Eksistensi peradilan adat menjadi bagian dari perdebatan seputar kalimat ‘hukum yang hidup dalam masyarakat' (living law). Kalimat itu dituangkan dalam pasal 1 ayat (3) Rancangan KUHP baru yang disiapkan Departemen Hukum dan HAM. Masuknya kalimat tersebut dikhawatirkan akan menabrak asas legalitas yang dianut KUHP, sekaligus mengaburkan larangan menggunakan analogi.

 

Tetapi, pengakuan terhadap hukum adat sebagai living law sulit dihindari. Anggota tim penyusun Rancangan KUHP Prof. Indriyanto Seno Adji menunjukkan fakta masih adanya hukum adat yang hidup dalam masyarakat tertentu. Papua adalah salah satu contoh.

 

Contoh lain dimana hukum adat masih kuat adalah Bali. Hasil penelitian Pengadilan Tinggi Denpasar tahun lalu menguatkan hal itu. Penelitian berusaha menggali masalah-masalah hukum perdata adat yang masih berlaku di Pulau Dewata tersebut.

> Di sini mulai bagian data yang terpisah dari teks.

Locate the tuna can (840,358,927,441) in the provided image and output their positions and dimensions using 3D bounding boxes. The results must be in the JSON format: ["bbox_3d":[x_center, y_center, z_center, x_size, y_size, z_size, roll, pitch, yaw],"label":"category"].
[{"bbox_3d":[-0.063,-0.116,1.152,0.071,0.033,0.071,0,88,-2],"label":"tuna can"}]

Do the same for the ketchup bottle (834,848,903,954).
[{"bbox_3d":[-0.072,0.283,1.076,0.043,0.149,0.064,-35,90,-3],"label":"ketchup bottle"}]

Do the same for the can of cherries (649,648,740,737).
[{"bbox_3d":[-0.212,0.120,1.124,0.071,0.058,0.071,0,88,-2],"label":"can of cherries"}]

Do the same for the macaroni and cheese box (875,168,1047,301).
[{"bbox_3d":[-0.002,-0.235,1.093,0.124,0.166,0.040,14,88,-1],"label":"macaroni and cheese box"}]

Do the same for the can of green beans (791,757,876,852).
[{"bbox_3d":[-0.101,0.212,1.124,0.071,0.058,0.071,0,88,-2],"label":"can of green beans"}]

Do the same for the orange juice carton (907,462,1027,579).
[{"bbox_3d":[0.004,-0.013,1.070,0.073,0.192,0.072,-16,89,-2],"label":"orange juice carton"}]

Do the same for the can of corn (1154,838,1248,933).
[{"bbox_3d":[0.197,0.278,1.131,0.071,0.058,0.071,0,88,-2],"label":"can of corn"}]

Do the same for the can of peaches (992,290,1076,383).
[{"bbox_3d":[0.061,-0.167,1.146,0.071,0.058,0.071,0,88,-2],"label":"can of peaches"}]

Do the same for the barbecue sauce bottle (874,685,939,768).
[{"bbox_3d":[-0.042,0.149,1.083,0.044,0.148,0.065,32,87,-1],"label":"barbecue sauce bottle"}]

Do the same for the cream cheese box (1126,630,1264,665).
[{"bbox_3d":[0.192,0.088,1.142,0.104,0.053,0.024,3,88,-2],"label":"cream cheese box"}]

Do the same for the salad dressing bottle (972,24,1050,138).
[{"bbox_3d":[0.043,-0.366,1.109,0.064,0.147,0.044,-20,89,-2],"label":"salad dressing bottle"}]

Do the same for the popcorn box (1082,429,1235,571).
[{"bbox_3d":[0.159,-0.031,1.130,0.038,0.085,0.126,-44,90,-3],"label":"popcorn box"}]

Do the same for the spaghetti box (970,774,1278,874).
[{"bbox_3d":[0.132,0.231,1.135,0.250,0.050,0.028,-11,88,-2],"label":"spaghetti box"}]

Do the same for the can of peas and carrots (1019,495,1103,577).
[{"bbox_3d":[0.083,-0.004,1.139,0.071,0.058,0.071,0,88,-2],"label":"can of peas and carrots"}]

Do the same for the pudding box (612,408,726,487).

Antara lain difokuskan pada hubungan anak, orang tua dan wali, status anak angkat, perkawinan dan harta perkawinan, warisan, persekutuan perdata, pinjam meminjam, jual beli, sewa menyewa, titipan, hibah hingga pengangkutan.  

 

Indriyanto mengakui dalam penyusunan RUU KUHP hingga sosialisasi, masalah living law telah menjadi perdebatan ilmiah, terutama jika dikaitkan dengan asas legalitas dan larangan menggunakan analogi.

 

Dalam draft position paper yang disusun Fajromei A Gofar (Elsam) untuk kepentingan diskusi kelompok RUU KUHP, Selasa (23/08), disebutkan bahwa the living law sering diidentikkan dengan hukum kebiasaan, hukum adat, hukum lokal, hukum asli, hukum pribum, bahkan ada yang memasukkan hukum agama.